# Why do you study systema?



## GouRonin (Nov 5, 2002)

Just curious as to what lead people to study systema?


----------



## KenpoGirl (Nov 5, 2002)

In your case mental imbalance and a sick desire to be beat up.


----------



## Jay Bell (Nov 5, 2002)

About a year and a half or so ago, a guy [wish i could remember his name] made a post on E-budo about Systema.  He was a long-time Bujinkan person who was now studying Systema.

Curiousity got me...this was right around the time that the 'Master of Fighting' vid was released.  So I looking up information everywhere I could find it.  The downside to all of this was the fact that the claims sounded too good to be true.  With all of the "Spec Ops" garbage around like SCARS and the like...I just couldn't get my brain around what I was reading.

I ordered the MoF vid that week.  I sat down and watched it when it came in...and I kept thinking to myself, "Wow...I feel really good".  It was an odd feeling.  The feeling I'd personally been seeking out in training...I was feeling...just by watching this stuff.  A few friends came over to also watch it...and they would make comments like, "That stuff looks fake."...I'd chuckle, agree with them, then tell them to pay close attention to the bodies of the people being worked on.  "HOLY *****...THAT'S NOT FAKE" was typically their response after that.  You could tell by how the body was being manipulated, jerked and spun into the ground that there was nothing fake about it.

Time went on, money got low...so the ability to travel to train wasn't an option.  Eventually, a school opened up half a mile from my place here in Mesa and I was there.  

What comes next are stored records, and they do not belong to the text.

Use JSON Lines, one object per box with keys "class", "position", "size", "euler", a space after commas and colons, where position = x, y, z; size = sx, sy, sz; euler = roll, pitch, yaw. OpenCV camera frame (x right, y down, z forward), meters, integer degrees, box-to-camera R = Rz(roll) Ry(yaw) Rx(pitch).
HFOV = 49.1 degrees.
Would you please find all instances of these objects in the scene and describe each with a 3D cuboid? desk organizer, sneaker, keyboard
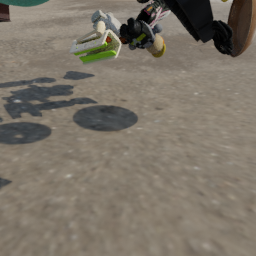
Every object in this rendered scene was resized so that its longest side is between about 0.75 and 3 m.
{"class": "desk organizer", "position": [-3.229, -2.600, 6.041], "size": [1.528, 0.588, 0.548], "euler": [10, 16, 32]}
{"class": "sneaker", "position": [0.841, -3.807, 9.158], "size": [0.723, 1.801, 0.777], "euler": [40, 14, 11]}
{"class": "keyboard", "position": [0.594, -1.203, 2.875], "size": [1.259, 0.269, 2.096], "euler": [45, 21, 7]}

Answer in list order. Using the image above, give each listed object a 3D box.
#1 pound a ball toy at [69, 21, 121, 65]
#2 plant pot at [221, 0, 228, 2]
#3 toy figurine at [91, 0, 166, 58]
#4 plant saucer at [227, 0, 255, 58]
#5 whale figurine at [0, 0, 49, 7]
{"class": "pound a ball toy", "position": [-0.834, -2.130, 6.846], "size": [1.425, 0.929, 0.605], "euler": [-2, 63, 39]}
{"class": "plant pot", "position": [1.825, -2.878, 4.714], "size": [0.997, 1.060, 1.060], "euler": [-26, 16, 34]}
{"class": "toy figurine", "position": [0.320, -3.247, 7.710], "size": [1.582, 2.238, 2.273], "euler": [11, 12, -47]}
{"class": "plant saucer", "position": [2.568, -2.347, 6.231], "size": [0.279, 1.527, 1.527], "euler": [2, 31, 0]}
{"class": "whale figurine", "position": [-1.870, -2.938, 4.943], "size": [2.317, 1.511, 2.912], "euler": [2, 20, -12]}
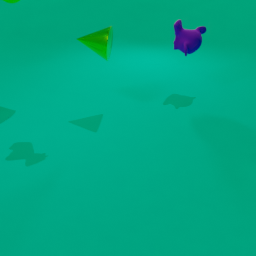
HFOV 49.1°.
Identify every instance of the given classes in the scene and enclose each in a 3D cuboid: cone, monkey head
[{"bbox_3d":[-1.062,-2.637,8.532,1.043,1.039,1.039,9,33,2],"label":"cone"},{"bbox_3d":[2.070,-3.174,9.726,0.944,1.127,1.567,19,58,36],"label":"monkey head"}]

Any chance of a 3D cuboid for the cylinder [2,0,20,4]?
[{"bbox_3d":[-3.959,-4.643,8.692,1.164,1.164,1.164,30,41,19],"label":"cylinder"}]
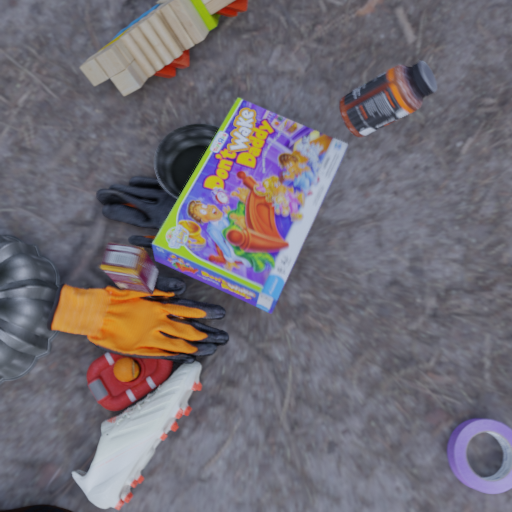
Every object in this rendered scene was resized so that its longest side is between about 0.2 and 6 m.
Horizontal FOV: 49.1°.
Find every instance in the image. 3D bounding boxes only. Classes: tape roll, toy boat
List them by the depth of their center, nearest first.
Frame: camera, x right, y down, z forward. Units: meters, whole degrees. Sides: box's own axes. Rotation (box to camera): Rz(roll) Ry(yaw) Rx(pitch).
[{"bbox_3d":[3.479,3.024,8.504,1.053,0.346,1.053,0,75,-1],"label":"tape roll"},{"bbox_3d":[-1.929,1.733,8.525,1.355,0.886,0.884,-32,82,-11],"label":"toy boat"}]

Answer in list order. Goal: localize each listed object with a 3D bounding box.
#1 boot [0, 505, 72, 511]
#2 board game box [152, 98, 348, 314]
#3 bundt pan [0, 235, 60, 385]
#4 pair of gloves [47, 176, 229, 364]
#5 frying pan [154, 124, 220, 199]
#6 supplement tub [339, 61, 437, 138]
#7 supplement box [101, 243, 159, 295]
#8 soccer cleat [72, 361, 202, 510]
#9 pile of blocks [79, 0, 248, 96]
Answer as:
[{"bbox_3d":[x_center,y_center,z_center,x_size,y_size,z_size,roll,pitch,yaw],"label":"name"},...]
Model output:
[{"bbox_3d":[-3.454,4.218,8.040,2.240,0.837,1.086,2,85,11],"label":"boot"},{"bbox_3d":[-0.036,-0.846,8.682,1.965,0.654,2.922,24,67,5],"label":"board game box"},{"bbox_3d":[-4.417,0.774,8.768,2.601,0.976,2.601,0,76,0],"label":"bundt pan"},{"bbox_3d":[-1.561,0.125,8.949,2.794,0.388,3.136,12,63,4],"label":"pair of gloves"},{"bbox_3d":[-0.393,-1.339,9.444,2.670,0.435,1.615,18,65,-2],"label":"frying pan"},{"bbox_3d":[1.924,-2.302,8.182,1.321,0.706,0.706,-22,72,38],"label":"supplement tub"},{"bbox_3d":[-1.832,0.199,8.227,0.529,0.959,0.411,9,69,9],"label":"supplement box"},{"bbox_3d":[-1.754,2.544,8.392,0.976,0.872,2.517,33,81,10],"label":"soccer cleat"},{"bbox_3d":[-1.456,-4.016,10.115,3.476,1.427,1.080,-36,121,0],"label":"pile of blocks"}]
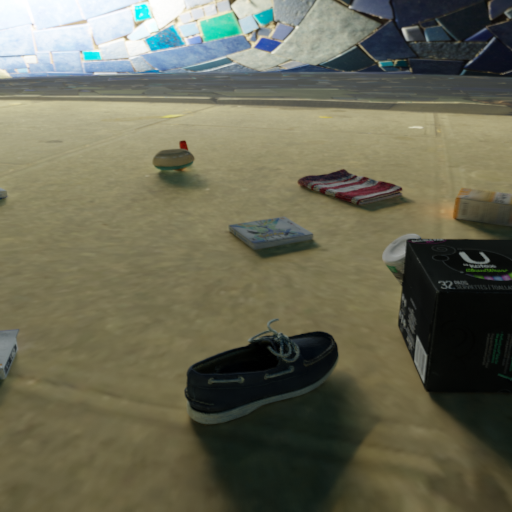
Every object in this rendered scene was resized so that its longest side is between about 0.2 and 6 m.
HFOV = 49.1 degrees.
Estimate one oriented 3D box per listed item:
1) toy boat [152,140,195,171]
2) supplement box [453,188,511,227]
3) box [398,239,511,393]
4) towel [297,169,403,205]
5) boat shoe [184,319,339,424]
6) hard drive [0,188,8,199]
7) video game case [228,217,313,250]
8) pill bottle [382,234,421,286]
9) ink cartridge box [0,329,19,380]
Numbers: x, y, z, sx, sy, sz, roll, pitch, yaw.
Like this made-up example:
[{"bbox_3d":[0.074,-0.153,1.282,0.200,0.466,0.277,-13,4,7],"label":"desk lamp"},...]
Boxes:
[{"bbox_3d":[-2.139,-2.656,15.340,1.156,0.639,1.375,2,30,15],"label":"toy boat"},{"bbox_3d":[4.733,-0.990,11.331,1.292,0.475,0.814,11,26,24],"label":"supplement box"},{"bbox_3d":[2.828,0.635,6.386,2.045,1.271,1.519,0,23,2],"label":"box"},{"bbox_3d":[2.210,-1.660,13.290,1.511,0.239,2.097,-16,28,-32],"label":"towel"},{"bbox_3d":[0.116,1.138,6.023,1.972,0.610,0.738,-13,26,-29],"label":"boat shoe"},{"bbox_3d":[-6.522,-1.481,12.900,1.478,0.188,0.975,21,30,41],"label":"hard drive"},{"bbox_3d":[0.260,-0.448,10.475,1.234,0.136,1.125,-11,25,-24],"label":"video game case"},{"bbox_3d":[2.172,0.249,7.422,0.572,1.011,0.572,-35,21,15],"label":"pill bottle"},{"bbox_3d":[-3.258,1.163,6.520,0.831,0.182,0.839,-3,25,-8],"label":"ink cartridge box"}]

Systema was not at all what I expected.  I never expected it to be so much.  Within a few months of training, everything else just seemed trivial and silly.  Whether it be politics, gross-overranking, egos or just shallow understanding of body mechanics...I just never looked back.

I can honestly say that my previous training in other arts helped me tremendously in life.  They all got me to a point...internally as well as externally.  Systema picked me up at that point and opened doors to allow me to grow and learn in ways that I felt stuck in.

I still get a lot of flack from my old buddies that I used to train with D)  Telling me I'm out studying Russian....or they call me comrad or the like.  It's all in good fun....but if they had any idea...


----------



## Klondike93 (Nov 5, 2002)

For me I went to the school to learn Kenpo and after about a month, the instructor said I should be doing the "cool" stuff too that I would like it. 

So I started doing Systema with the kenpo and have been at for about 6 months now. I also catch some flak from my friends about learning that "Russian stuff", but most think it's so cool.

Off to work out now too  

:asian:


----------